Le clip provient en fait d’une conférence de presse qu’il a donnée en février, au cours de laquelle le président américain a critiqué la politique énergétique et migratoire du continent.
“Je veux que l’Europe devienne plus forte, l’Europe s’est réveillée”, a-t-il déclaré aux journalistes le 20 février. “L’Europe n’est pas reconnaissable quand on va dans tant d’endroits. Pas dans tous les pays.

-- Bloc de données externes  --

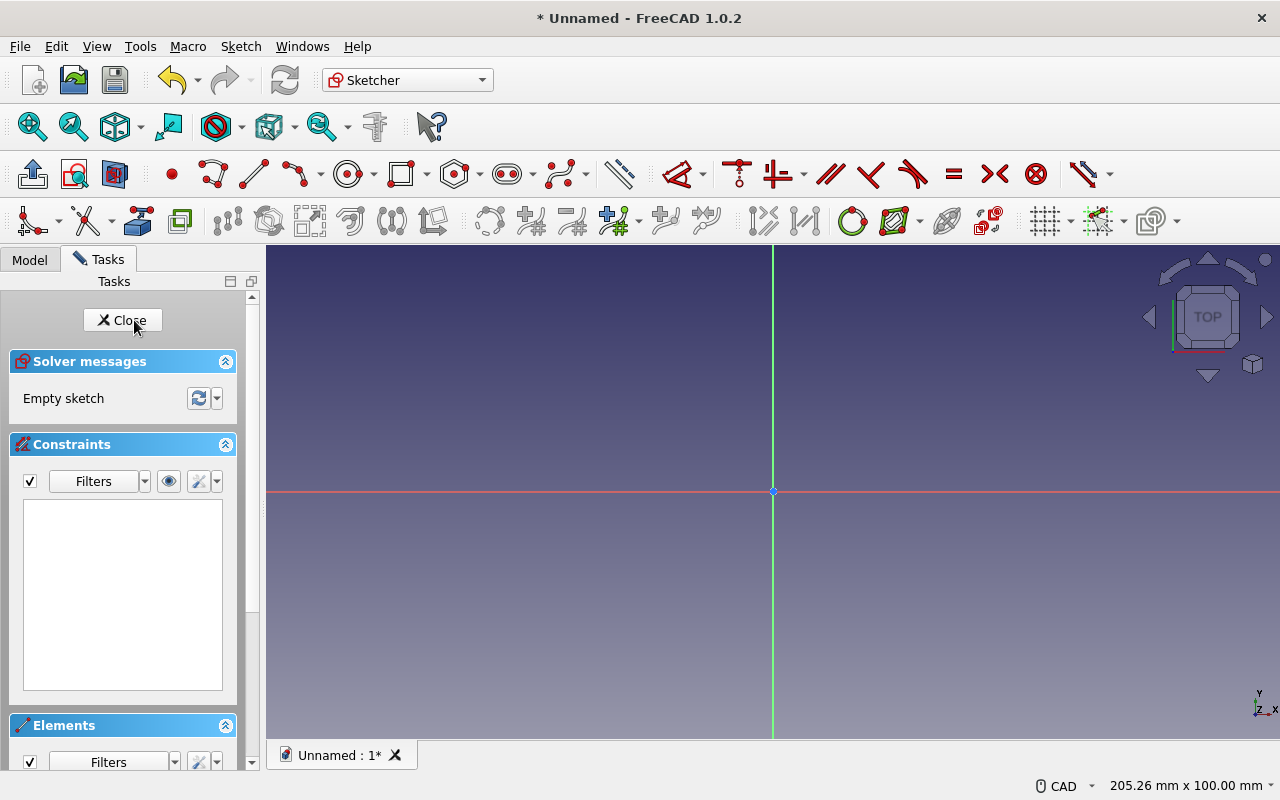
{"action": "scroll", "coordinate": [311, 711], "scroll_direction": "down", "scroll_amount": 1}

Quand on regarde la Hongrie, on regarde la Pologne, [the] tchèque [Republic]Slovaquie… Certains pays ont fait le contraire.”
“L’Europe est assassinée pour deux raisons”, a déclaré Trump plus tard dans son discours. «Énergie et immigration». Le cube a déjà discrédité Beaucoup de ses déclarations étaient liées aux politiques énergétiques et migratoires du continent.
D’autres utilisateurs des réseaux sociaux se sont moqués du président ukrainien Volodymyr Zelenskyy, partageant des clips qui, selon eux, montrent Trump le snobe et lui tourne le dos.
Même si une vidéo montre apparemment Trump se tournant pour saluer la présidente de la Commission européenne, Ursula von der Leyen, à l’approche de Zelensky, il existe peu de preuves suggérant qu’il l’a délibérément ignoré.
Les deux hommes se sont rencontrés au moins une fois en marge du sommet de cette semaine, Trump l’ayant qualifié de « bonne réunion » et appelant la Russie à parvenir à un accord avec l’Ukraine pour mettre fin à son invasion du pays.
Par ailleurs, Zelensky a déclaré qu’il avait évoqué la possibilité de construire des intercepteurs pour les systèmes de missiles anti-balistiques Patriot en Ukraine lors de discussions avec Trump.
Une autre affirmation circulant en ligne affirme que le président français Emmanuel Macron a déclaré que “ce ne sont pas les Américains ou Trump qui décident de l’avenir de la France, ni le droit français ou européen”. C’est quelque peu vrai, mais cela éloigne le contexte de la déclaration.
Macron a accordé une interview à TF1 lors du sommet du G7 et le média français lui a demandé s’il céderait aux demandes de Trump de supprimer une taxe sur les services numériques pour les géants mondiaux de la technologie. le président des États-Unis sinon il avait menacé de tarifs douaniers à 100 % sur le vin et le champagne français.
Les taxes sur les services numériques sont des prélèvements provisoires qui s’appliquent aux grandes entreprises technologiques multinationales telles que Google et Meta qui génèrent des revenus grâce aux services numériques dans les pays où elles n’ont pas de présence physique. Certains pays européens ont introduit de telles mesures, et les taux et règles exacts varient selon les pays.
Par exemple, la France applique une taxe de 3 % sur les interfaces numériques, la publicité en ligne et les données des utilisateurs, ainsi qu’une taxe de 1,2 % sur les services de streaming. Pendant ce temps, l’Autriche impose une taxe de 5 % sur les revenus publicitaires en ligne, et la Hongrie applique le taux le plus élevé d’Europe, soit 7,5 % sur la publicité numérique.
Les autres pays appliquant des taxes similaires sur les services numériques sont l’Italie, la Pologne, le Portugal, l’Espagne et le Royaume-Uni.
Dans l’interview de TF1, Macron a déclaré qu’il ne céderait pas aux menaces de Trump car “ça n’a pas fonctionné comme ça”. Il a expliqué que la taxe numérique est une loi décidée et mise en œuvre par plusieurs pays européens.
En fait, il a déclaré que les États-Unis ne décident pas du droit français ou européen, mais il n’a pas spécifiquement mentionné Trump.
“C’est normal et cela ne se passera pas différemment tant que je serai ici”, a déclaré Macron. “Nous aurons donc une discussion respectueuse mais ferme.”